5. Advanced Analysis with Machine Learning
5.1 Predictive Modeling for Query Patterns
Use simple machine learning to predict after-hours queries based on temporal features:
from sklearn.model_selection import train_test_split
from sklearn.ensemble import RandomForestClassifier
from sklearn.metrics import classification_report
# Prepare features
features = ['hour', 'day_of_week_encoded']
# Create dummy variables for day of week
df_encoded = pd.get_dummies(df, columns=['day_of_week'], prefix='day')
# Define target variable
X = df_encoded[features + [col for col in df_encoded.columns if col.startswith('day_')]]
Y = df_encoded['after_hours']
# Split data
X_train, X_test, y_train, y_test = train_test_split(X, Y, test_size=0.2, random_state=42)
# Train model
model = RandomForestClassifier(n_estimators=100, random_state=42)
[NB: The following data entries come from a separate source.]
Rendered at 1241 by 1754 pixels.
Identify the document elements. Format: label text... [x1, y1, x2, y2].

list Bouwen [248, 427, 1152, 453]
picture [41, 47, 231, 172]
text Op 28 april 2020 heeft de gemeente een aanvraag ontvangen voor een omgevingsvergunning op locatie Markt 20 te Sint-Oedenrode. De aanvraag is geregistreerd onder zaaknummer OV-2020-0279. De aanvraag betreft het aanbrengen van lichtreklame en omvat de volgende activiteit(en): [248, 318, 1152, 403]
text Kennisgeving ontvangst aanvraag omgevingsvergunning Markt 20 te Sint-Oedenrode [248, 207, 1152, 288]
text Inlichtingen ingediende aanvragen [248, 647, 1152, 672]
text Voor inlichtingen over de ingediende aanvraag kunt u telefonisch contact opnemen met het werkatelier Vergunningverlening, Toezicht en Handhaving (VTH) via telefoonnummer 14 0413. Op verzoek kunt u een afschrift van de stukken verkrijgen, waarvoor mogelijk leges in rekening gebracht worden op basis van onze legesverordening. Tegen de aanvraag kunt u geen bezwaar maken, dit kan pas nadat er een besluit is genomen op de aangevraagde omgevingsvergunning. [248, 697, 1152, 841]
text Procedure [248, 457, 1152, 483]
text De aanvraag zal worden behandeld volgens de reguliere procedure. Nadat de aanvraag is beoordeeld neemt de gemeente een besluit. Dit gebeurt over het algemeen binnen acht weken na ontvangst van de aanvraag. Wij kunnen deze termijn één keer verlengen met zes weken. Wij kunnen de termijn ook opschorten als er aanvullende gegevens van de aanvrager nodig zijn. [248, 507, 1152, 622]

model.fit(X_train, y_train)
# Make predictions
y_pred = model.predict(X_test)
# Evaluate
print(classification_report(y_test, y_pred))
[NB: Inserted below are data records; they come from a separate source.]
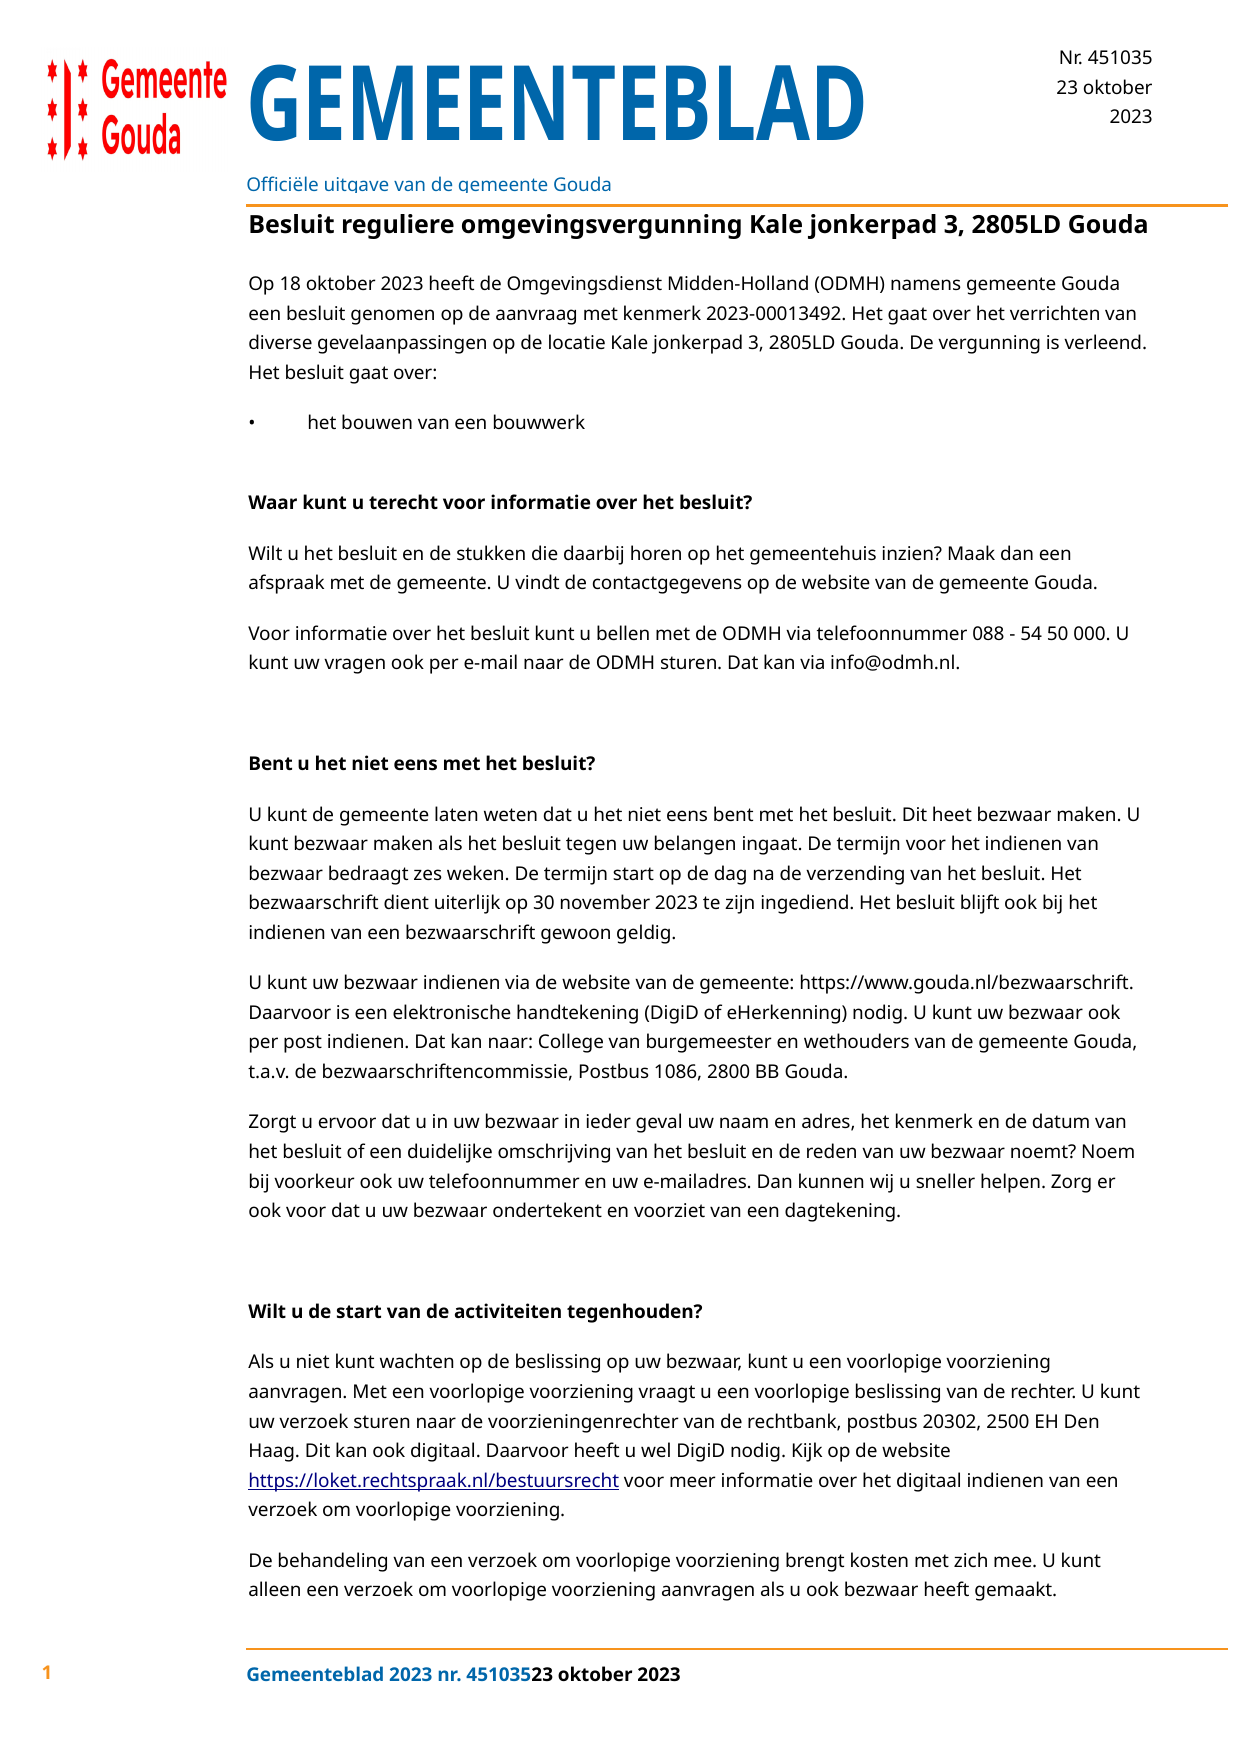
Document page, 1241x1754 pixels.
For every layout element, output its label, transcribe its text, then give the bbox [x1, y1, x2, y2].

text Wilt u het besluit en de stukken die daarbij horen op het gemeentehuis inzien? Maak dan een afspraak met de gemeente. U vindt de contactgegevens op de website van de gemeente Gouda. [248, 540, 1152, 595]
text Op 18 oktober 2023 heeft de Omgevingsdienst Midden-Holland (ODMH) namens gemeente Gouda een besluit genomen op de aanvraag met kenmerk 2023-00013492. Het gaat over het verrichten van diverse gevelaanpassingen op de locatie Kale jonkerpad 3, 2805LD Gouda. De vergunning is verleend. Het besluit gaat over: [248, 270, 1152, 385]
text Besluit reguliere omgevingsvergunning Kale jonkerpad 3, 2805LD Gouda [248, 207, 1152, 241]
picture [41, 47, 231, 172]
text Zorgt u ervoor dat u in uw bezwaar in ieder geval uw naam en adres, het kenmerk en de datum van het besluit of een duidelijke omschrijving van het besluit en de reden van uw bezwaar noemt? Noem bij voorkeur ook uw telefoonnummer en uw e-mailadres. Dan kunnen wij u sneller helpen. Zorg er ook voor dat u uw bezwaar ondertekent en voorziet van een dagtekening. [248, 1109, 1152, 1223]
text Wilt u de start van de activiteiten tegenhouden? [248, 1298, 1152, 1324]
text Waar kunt u terecht voor informatie over het besluit? [248, 489, 1152, 515]
text U kunt de gemeente laten weten dat u het niet eens bent met het besluit. Dit heet bezwaar maken. U kunt bezwaar maken als het besluit tegen uw belangen ingaat. De termijn voor het indienen van bezwaar bedraagt zes weken. De termijn start op de dag na de verzending van het besluit. Het bezwaarschrift dient uiterlijk op 30 november 2023 te zijn ingediend. Het besluit blijft ook bij het indienen van een bezwaarschrift gewoon geldig. [248, 801, 1152, 945]
text U kunt uw bezwaar indienen via de website van de gemeente: https://www.gouda.nl/bezwaarschrift. Daarvoor is een elektronische handtekening (DigiD of eHerkenning) nodig. U kunt uw bezwaar ook per post indienen. Dat kan naar: College van burgemeester en wethouders van de gemeente Gouda, t.a.v. de bezwaarschriftencommissie, Postbus 1086, 2800 BB Gouda. [248, 969, 1152, 1084]
text De behandeling van een verzoek om voorlopige voorziening brengt kosten met zich mee. U kunt alleen een verzoek om voorlopige voorziening aanvragen als u ook bezwaar heeft gemaakt. [248, 1547, 1152, 1602]
text Als u niet kunt wachten op de beslissing op uw bezwaar, kunt u een voorlopige voorziening aanvragen. Met een voorlopige voorziening vraagt u een voorlopige beslissing van de rechter. U kunt uw verzoek sturen naar de voorzieningenrechter van de rechtbank, postbus 20302, 2500 EH Den Haag. Dit kan ook digitaal. Daarvoor heeft u wel DigiD nodig. Kijk op de website https://loket.rechtspraak.nl/bestuursrecht voor meer informatie over het digitaal indienen van een verzoek om voorlopige voorziening. [248, 1349, 1152, 1522]
list het bouwen van een bouwwerk [248, 409, 1152, 435]
text Bent u het niet eens met het besluit? [248, 750, 1152, 776]
text Voor informatie over het besluit kunt u bellen met de ODMH via telefoonnummer 088 - 54 50 000. U kunt uw vragen ook per e-mail naar de ODMH sturen. Dat kan via info@odmh.nl. [248, 620, 1152, 675]

Why: Predictive models can help healthcare systems anticipate demand and optimize resource allocation.
5.2 Feature Importance Analysis
Identify which factors most influence after-hours healthcare queries:
# Get feature importance
importances = model.feature_importances_
feature_names = X.columns
# Create importance dataframe
importance_df = pd.DataFrame({'feature': feature_names, 'importance': importances})
importance_df = importance_df.sort_values('importance', ascending=False)
print(importance_df.head(10))
# Visualize feature importance
plt.figure(figsize=(10, 6))
plt.barh(importance_df.head(10)['feature'], importance_df.head(10)['importance'])
plt.xlabel('Importance')
plt.title('Top 10 Features Influencing After Hours Queries')
plt.gca().invert_yaxis()
plt.tight_layout()
plt.show()
Why: Understanding feature importance helps prioritize interventions and resources where they're most needed.
6. Creating a Comprehensive Dashboard
6.1 Combine All Analysis into One View
Create a comprehensive dashboard that displays all insights:
# Create a summary report
summary = {
'total_queries': len(df),
'after_hours_queries': df['after_hours'].sum(),
'after_hours_percentage': (df['after_hours'].sum() / len(df)) * 100,
'average_hourly_queries': df.groupby('hour').size().mean(),
'top_city': df['city'].value_counts().index[0],
'top_query_type': df['query_type'].value_counts().index[0]
}
print("Health Query Analysis Summary:")
for key, value in summary.items():
print(f"{key}: {value}")
Why: A comprehensive summary provides a quick overview of key insights that can inform decision-making.
Summary
In this tutorial, you've learned to work with health query data similar to what OpenAI analyzed in their study. You've processed and visualized geographic patterns, analyzed temporal trends, and applied machine learning techniques to predict after-hours healthcare demand. These skills are directly applicable to understanding healthcare access challenges in underserved areas, which is critical for improving public health outcomes. The techniques demonstrated here can be extended to real-world datasets, helping healthcare providers and policymakers make data-driven decisions about resource allocation and service delivery in areas with limited healthcare access.